For a $50,000 budget film written, directed, and starring a 23-year-old, it's quite competently done. It gets lumped in with the "mumblecore" movement, but the dialogue is crisply written and well-recorded. The word that kept coming to my mind is "watchable." 

Tiny Furniture is not laugh out loud funny, but it gets funnier a second time through as you pick up that you aren't supposed to feel terribly sorry for Dunham's dumpy character as she endures repeated humiliations trying to launch a career as a hipster media sensation. She isn't supposed to be likable, as she does selfish things to people trying to be nice to her. She's a young, female George Costanza, but an ambitious egomaniac to boot, lacking George's contentment with his own mediocrity. 

You sympathize a little with her for having a mother / role model who has, somehow, clawed her way to making a lot of money in the New York art scene by taking art photos of tiny furniture (played in the movie by Dunham's real life mother, who, indeed, makes money selling in galleries her photos of tiny furniture). But, it's an inherently absurd situation.

So, who exactly are all the aggrieved People of Color who want to be this character's friend? And why?

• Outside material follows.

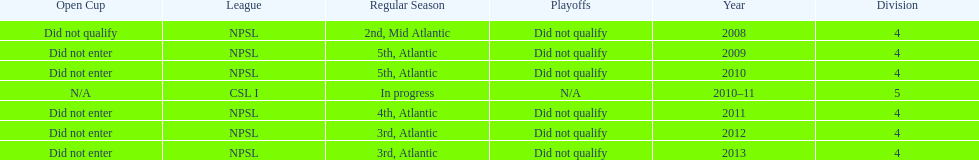In which most recent year did they rank 5th? 2010.

And that raises the question of earlier New York sitcoms about People of Pallor, such as Seinfeld, where the only memorable black character was Kramer's Johnny Cochran-inspired lawyer. After Seinfeld and, especially, after Curb Your Enthusiasm (by which point Larry David had a half billion dollars, so even if he got Michael Richardized if a race joke went over wrong, he'd still have a half billion dollars), isn't it pretty obvious that Larry David's views on race are closer to mine than to those of all the folks who are in a huff over Lena Dunham's three titular friends being white. At least on the central issue — Race Is Not a Joking Matter! — me and Larry are on the same side of the barricades.